町内会の一件以来、他のママ友との関係がぎくしゃくする中、えりこの言動はだんだんと露骨にまりを陥れるような空気を帯びていました。動機もわからないえりこの謎の行動に、まりは恐怖を感じるようになります。
感じる距離と違和感
町内会のお祭り準備の日以来、近所のママたちとは少し距離を感じる。なんとなくよそよそしい雰囲気のような。そんな中、えりこさんは相変わらず私に優しく接してくれた。
「みんな、ちょっと冷たいよね?お祭りの準備に来られなかったくらいでさ」
そう言って、いつもと変わらない笑顔で「私は味方だよ」とささやく。その言葉を何度か聞くうち、私はゾッとするような感覚を覚えた。もしもこのママ友たちからの孤立すら、えりこさんが仕組んだものだとしたら…と想像してしまうのだ。
公園遊びでのけ者に…
ある日曜日、風太と2人で公園に行くと、ママ友たちが大きなレジャーシートを敷き、みんなでピクニックをしていた。
「こんにちは」
勇気を出して声をかけてみると、その輪の中にえりこさんがいた。
「まりちゃん、どうしたの?今日は忙しいんじゃなかったっけ?」
私はそんな話は一切していない。
「え…特に予定はなかったけど…」
私がそう答えると、えりこさんは他のママ友の方に目を向けた。
「あれ?誰かまりちゃんは忙しそうだから誘うの遠慮しとこって言ってなかったっけ?」
ママたちはみんな気まずそうにしていた。私はいたたまれなくて
「大丈夫です!ちょっとだけ遊ぼうと思っただけなので!」
と言って離れた遊具の方に足早に去った。ピクニックの席から見えない場所で風太を遊ばせていると、えりこさんが速足で駆けてきた。
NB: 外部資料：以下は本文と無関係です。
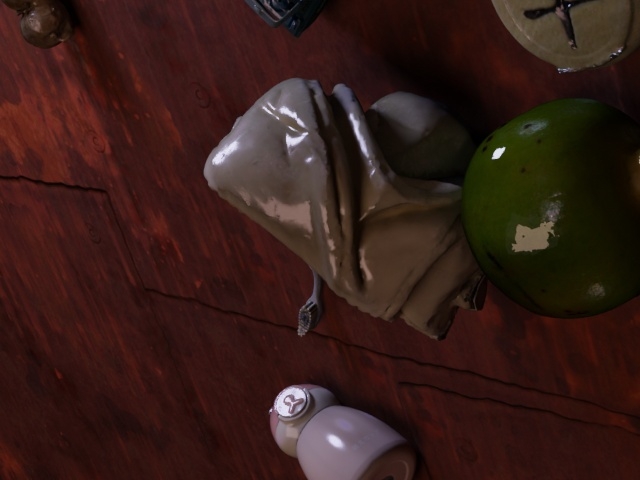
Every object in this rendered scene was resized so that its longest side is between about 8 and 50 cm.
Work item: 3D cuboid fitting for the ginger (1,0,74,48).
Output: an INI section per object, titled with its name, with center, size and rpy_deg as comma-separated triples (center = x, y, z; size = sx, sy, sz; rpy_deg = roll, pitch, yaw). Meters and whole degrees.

「まりちゃん、ごめんね嫌な思いさせちゃって…私はまりちゃんも誘いたかったんだけどね、みんなが…」
「大丈夫だよ、気を使ってくれてありがとう」
「私はまりちゃんの味方よ」
少し話して、えりこさんはピクニックに戻っていった。私はこの時すでに、えりこさんが私を誘わないようにしたんだと直感していた。えりこさんはきっと、私を孤立させたい「フレネミー」なんだ。